名誉会長 すべて「戸田大学」の卒業生としての行動です。
 御書には、「言葉というのは心の思いを響かせて、声に表したものをいう」(563ページ、通解)と仰せです。声に心が表れる。勇気を出して声を惜しまず、対話を続けていくことです。
 『星の王子さま』で有名なサン=テグジュペリが味わい深い言葉を残しています。
 「真の贅沢というものは、ただ一つしかない、それは人間関係の贅沢だ」
 また、こうも言っています。
 「他人の心を発見することによって、人は自らを豊富にする。人はなごやかに笑いながら、おたがいに顔を見あう。そのとき、人は似ている、海の広大なのに驚く解放された囚人に」
 自分の世界に閉じこもっていれば、気楽かもしれないけれども、成長もない。孤立してしまえば、真の個性も光らない。

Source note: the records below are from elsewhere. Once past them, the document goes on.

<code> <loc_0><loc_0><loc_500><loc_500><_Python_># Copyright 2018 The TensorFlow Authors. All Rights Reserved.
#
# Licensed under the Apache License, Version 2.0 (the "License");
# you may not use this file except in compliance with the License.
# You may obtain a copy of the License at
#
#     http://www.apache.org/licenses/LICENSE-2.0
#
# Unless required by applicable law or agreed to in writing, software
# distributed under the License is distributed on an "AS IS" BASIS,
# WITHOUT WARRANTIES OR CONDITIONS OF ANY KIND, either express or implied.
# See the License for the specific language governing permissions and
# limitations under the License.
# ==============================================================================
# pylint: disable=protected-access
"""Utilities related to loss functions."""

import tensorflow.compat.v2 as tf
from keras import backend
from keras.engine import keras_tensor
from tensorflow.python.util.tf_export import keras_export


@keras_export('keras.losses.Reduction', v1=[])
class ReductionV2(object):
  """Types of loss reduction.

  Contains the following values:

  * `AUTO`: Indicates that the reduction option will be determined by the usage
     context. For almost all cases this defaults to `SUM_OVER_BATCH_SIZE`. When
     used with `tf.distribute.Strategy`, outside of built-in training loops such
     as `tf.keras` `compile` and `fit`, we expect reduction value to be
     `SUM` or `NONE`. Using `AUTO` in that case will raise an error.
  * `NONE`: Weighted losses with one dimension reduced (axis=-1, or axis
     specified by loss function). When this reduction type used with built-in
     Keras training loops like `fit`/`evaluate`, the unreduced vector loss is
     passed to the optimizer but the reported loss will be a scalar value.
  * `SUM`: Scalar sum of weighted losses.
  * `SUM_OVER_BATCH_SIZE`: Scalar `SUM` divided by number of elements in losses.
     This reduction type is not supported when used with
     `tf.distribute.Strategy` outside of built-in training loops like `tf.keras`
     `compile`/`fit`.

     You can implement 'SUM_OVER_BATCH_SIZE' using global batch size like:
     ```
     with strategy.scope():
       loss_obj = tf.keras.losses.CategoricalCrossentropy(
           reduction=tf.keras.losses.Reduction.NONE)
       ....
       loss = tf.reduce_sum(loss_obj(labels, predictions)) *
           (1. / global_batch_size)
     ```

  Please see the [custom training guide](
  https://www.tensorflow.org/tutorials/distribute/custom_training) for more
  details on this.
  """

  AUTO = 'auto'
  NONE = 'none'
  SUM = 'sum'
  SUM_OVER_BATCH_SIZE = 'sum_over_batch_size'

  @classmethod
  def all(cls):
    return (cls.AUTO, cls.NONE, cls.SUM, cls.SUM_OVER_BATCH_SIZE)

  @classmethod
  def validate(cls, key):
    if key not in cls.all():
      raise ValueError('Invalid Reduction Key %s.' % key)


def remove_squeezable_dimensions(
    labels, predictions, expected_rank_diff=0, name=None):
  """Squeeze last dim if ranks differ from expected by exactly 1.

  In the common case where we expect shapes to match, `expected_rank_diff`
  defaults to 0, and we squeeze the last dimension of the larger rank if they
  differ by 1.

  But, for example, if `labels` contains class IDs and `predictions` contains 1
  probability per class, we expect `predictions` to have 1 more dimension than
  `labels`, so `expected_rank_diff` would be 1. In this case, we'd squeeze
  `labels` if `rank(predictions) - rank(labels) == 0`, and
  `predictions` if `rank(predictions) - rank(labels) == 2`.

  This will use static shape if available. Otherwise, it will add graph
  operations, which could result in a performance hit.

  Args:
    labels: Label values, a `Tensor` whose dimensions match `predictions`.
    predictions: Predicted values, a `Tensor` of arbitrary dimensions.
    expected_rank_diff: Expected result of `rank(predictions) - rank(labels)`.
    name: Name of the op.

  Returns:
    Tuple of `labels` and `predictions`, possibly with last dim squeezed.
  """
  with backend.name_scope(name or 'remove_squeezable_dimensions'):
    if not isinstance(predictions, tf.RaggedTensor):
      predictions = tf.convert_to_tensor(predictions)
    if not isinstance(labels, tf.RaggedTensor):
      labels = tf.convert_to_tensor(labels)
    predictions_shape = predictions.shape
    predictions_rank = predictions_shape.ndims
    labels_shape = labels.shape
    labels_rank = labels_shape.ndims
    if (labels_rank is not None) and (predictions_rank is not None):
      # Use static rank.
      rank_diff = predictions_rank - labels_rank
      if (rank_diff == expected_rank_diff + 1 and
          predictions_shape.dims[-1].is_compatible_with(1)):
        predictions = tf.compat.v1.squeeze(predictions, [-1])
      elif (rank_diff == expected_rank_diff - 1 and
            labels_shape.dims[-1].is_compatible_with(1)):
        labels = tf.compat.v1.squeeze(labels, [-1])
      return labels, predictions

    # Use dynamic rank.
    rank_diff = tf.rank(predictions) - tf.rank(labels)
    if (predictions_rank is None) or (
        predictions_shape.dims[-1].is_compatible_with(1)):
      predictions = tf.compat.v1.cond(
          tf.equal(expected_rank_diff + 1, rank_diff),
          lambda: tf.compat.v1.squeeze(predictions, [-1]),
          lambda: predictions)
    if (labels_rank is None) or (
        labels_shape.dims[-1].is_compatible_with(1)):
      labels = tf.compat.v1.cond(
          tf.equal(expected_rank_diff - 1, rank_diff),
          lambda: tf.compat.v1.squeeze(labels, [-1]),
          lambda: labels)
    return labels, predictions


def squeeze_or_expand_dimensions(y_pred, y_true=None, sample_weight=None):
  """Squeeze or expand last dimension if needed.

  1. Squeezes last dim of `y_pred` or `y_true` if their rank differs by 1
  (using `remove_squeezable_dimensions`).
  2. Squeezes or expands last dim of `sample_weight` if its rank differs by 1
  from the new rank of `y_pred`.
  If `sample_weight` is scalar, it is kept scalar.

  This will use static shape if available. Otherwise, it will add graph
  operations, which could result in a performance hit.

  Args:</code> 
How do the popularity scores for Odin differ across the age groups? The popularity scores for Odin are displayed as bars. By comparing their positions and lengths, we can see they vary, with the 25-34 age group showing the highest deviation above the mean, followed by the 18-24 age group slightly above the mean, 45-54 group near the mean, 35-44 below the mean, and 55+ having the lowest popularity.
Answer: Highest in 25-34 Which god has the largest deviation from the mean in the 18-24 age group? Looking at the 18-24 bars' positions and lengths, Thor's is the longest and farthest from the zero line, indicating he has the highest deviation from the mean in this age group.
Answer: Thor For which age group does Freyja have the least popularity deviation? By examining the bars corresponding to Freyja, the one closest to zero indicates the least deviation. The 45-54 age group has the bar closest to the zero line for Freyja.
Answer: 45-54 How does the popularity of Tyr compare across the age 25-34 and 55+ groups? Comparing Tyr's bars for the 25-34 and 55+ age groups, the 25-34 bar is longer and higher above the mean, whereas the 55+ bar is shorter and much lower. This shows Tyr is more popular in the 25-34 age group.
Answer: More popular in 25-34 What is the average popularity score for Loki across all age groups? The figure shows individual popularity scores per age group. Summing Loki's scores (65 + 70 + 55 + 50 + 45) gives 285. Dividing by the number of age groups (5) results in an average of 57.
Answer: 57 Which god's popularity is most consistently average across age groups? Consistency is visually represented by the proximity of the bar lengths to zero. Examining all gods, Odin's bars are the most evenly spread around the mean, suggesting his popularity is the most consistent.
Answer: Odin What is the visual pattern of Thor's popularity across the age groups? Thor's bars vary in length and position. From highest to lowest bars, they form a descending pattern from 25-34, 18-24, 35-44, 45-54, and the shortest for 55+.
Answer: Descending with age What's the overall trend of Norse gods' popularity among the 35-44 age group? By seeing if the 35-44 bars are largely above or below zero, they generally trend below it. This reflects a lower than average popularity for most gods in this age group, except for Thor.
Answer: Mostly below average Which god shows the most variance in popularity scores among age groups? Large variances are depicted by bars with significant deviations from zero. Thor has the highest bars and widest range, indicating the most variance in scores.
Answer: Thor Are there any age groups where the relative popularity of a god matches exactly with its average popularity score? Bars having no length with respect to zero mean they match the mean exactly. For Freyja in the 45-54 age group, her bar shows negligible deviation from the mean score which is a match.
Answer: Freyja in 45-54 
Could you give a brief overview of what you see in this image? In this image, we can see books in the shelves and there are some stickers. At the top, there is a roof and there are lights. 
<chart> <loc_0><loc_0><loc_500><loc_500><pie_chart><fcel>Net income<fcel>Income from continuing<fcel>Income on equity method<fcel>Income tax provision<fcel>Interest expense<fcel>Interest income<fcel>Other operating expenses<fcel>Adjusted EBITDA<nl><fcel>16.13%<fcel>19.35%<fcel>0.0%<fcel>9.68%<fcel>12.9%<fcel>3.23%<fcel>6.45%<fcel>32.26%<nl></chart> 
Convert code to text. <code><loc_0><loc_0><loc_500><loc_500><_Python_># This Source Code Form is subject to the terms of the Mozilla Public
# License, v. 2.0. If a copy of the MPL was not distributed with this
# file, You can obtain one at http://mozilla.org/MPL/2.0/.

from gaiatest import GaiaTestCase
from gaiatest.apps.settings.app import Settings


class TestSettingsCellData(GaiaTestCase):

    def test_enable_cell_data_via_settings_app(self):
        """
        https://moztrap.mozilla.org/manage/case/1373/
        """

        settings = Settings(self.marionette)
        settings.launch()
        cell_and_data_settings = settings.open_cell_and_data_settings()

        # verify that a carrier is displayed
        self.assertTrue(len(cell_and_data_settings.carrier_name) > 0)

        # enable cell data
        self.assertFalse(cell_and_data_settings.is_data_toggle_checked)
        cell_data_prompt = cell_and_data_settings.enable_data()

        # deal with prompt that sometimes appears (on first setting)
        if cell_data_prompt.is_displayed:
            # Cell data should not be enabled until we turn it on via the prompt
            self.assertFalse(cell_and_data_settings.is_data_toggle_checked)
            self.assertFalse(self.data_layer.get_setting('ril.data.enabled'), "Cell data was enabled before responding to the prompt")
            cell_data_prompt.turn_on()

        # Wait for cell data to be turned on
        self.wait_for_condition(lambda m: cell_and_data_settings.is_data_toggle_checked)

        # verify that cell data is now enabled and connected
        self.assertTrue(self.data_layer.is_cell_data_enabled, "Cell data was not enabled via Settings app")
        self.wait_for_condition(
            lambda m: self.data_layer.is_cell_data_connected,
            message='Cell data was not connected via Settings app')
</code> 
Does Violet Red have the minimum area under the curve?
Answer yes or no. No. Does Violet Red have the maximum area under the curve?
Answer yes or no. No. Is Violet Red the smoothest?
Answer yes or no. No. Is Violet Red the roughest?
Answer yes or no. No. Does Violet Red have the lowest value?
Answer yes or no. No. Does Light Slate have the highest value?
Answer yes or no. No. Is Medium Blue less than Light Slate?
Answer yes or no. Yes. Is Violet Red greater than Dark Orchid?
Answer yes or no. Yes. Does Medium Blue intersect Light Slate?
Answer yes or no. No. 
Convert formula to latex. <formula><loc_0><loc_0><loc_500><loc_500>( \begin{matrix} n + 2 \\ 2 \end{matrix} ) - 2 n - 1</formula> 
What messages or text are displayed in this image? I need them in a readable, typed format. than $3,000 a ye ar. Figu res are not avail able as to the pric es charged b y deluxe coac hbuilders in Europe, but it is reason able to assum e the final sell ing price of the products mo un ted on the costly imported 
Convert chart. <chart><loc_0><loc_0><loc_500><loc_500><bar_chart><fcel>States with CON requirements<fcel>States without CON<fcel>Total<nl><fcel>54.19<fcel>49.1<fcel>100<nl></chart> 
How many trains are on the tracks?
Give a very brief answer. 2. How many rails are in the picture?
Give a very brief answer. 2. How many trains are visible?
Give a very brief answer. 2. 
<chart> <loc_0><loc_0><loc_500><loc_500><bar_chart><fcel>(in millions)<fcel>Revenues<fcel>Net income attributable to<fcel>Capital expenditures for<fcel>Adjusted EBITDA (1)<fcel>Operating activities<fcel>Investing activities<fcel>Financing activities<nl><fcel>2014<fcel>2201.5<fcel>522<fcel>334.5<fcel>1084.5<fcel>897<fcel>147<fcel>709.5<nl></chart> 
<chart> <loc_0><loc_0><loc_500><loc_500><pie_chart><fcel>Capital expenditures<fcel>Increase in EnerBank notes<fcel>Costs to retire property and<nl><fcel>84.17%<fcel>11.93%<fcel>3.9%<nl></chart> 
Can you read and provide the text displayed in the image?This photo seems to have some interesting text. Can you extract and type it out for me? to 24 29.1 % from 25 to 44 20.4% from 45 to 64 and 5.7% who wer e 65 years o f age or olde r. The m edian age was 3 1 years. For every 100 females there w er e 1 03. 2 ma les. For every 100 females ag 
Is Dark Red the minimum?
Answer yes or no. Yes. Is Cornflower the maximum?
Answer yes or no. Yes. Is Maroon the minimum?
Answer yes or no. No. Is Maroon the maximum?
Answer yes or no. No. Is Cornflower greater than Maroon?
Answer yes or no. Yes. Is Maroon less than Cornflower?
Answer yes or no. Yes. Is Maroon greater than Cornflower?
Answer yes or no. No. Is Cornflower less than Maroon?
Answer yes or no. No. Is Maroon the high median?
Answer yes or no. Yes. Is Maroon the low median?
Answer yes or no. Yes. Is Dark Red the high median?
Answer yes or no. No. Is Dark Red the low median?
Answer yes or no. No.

 人と交流してこそ、人生を豊かにしていける。広々と心を開いて、つながっていくことです。
 大聖人の生涯にわたる御化導は「立正安国論に始まり、立正安国論に終わる」と言われます。その「立正安国論」は、主人と客の問答形式で書かれています。一対一の対話です。
 目の前の一人と胸襟を開いて語り合い、共々に生命尊厳の哲理に立って、より良き平和な社会の建設を目指す。この「一人」と「一人」のつながりの拡大によって、現実の世界を「仏国」「宝土」に変えていく。ここに「立正安国」の方程式があります。
 孤独地獄が憂慮される現代に、この真実の人間のつながりを結び広げているのが、創価学会です。
 敬愛する東北の同志を先頭に、青年の湧き立つ熱と力で、信頼のつながりを強めてください。
 若き皆さんが、共々に生きる喜びを漲らせて、勝利の青春道を歩み、希望の新時代を開いていただきたい──これが、私の願いです。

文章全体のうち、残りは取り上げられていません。